Ali G. Gharavi, Michael L. Lipkowitz, Joseph A. Diamond, Rima Chamie, Robert A. Phillips

Research output: Contribution to journalArticlepeer-review

17 Scopus citations


Compared to office measurements, ambulatory monitoring is a more accurate method of blood pressure (BP) characterization and may therefore be useful in a genetics study of hypertension. We studied the relation between the M235T polymorphism of the angiotensinogen gene and hypertension using office and ambulatory (BP) measurements. We enrolled untreated subjects (33 men and 17 women) who were referred for evaluation of office BP >140/90 mm Hg on at least two separate occasions. The M235T genotypes of the angiotensinogen gene were determined by polymerase chain reaction (PCR) amplification of DNA extracted from peripheral blood leukocytes and digested with BSTU1. The distribution of the genotypes were MM = 0.22, MT = 0.44, TT = 0.34. Based on office measurements, a significant difference in diastolic blood pressure (BP) was detected only between the TT and the MT genotype subjects (office BP: MM = 150 ± 25/97 ± 13 mm Hg, MT = 147 ± 23/95 ± 13 mm Hg, TT = 161 ± 25/104 ± 15 mm Hg).
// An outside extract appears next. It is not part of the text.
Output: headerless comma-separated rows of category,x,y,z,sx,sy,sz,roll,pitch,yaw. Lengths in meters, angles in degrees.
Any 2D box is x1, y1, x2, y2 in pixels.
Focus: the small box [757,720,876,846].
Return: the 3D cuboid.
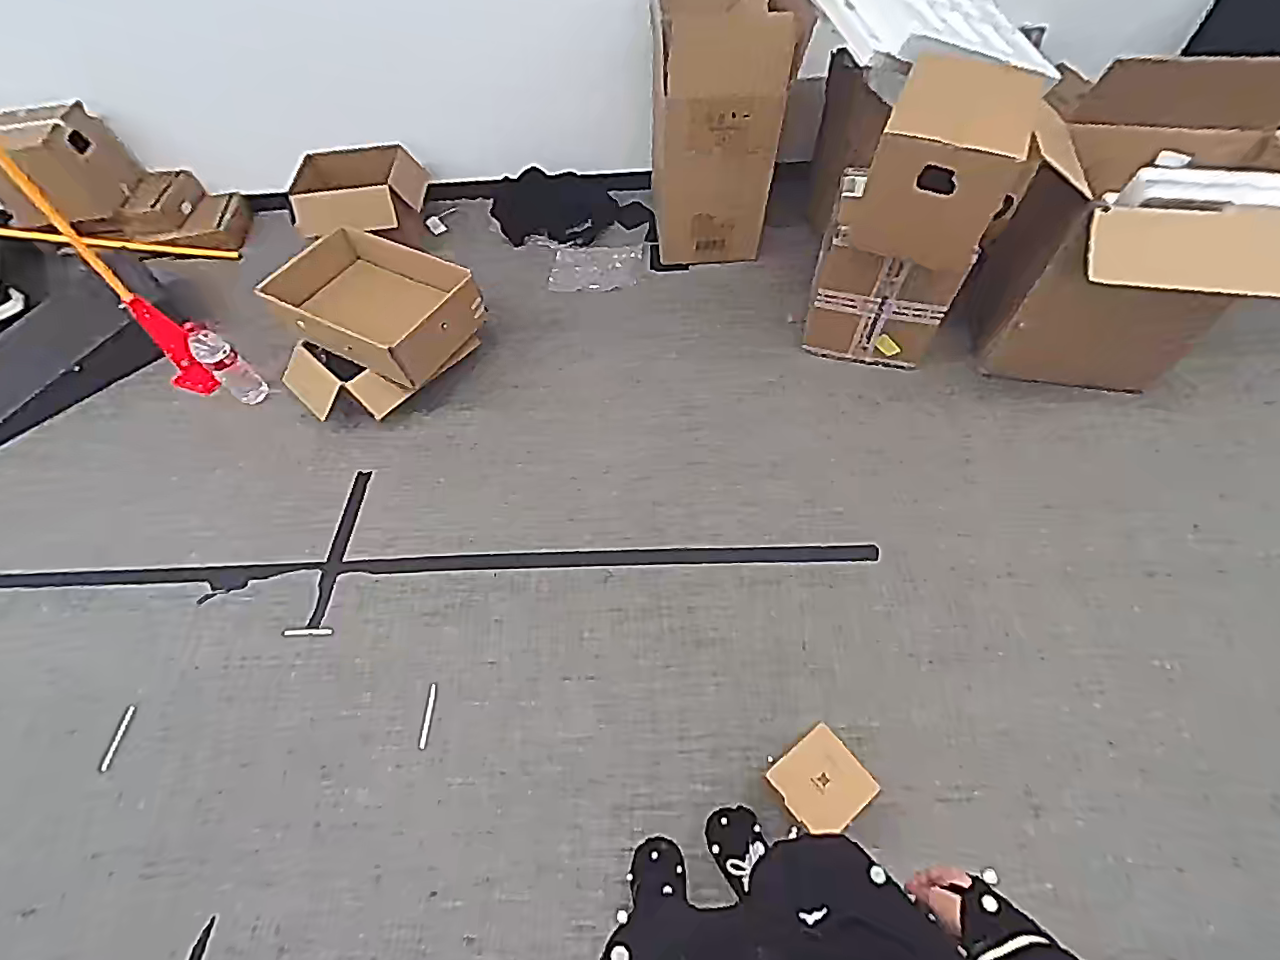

By contrast, with ambulatory BP monitoring, both systolic and diastolic blood pressures were significant higher in TT versus MM and MT (ambulatory BP, MM = 138 ± 10/88 ± 9 mm Hg, MT = 141 ± 15/89 ± 11 mm Hg, TT = 152 ± 18/97 ± 12 mm Hg). Covariate analysis revealed an independent relationship between the M235T genotype and systolic, diastolic, and mean ambulatory BP. Ambulatory monitoring improved the analytic power of our study and allowed detection of a clear and consistent relationship between angiotensinogen polymorphism and hypertension with a relatively small sample size.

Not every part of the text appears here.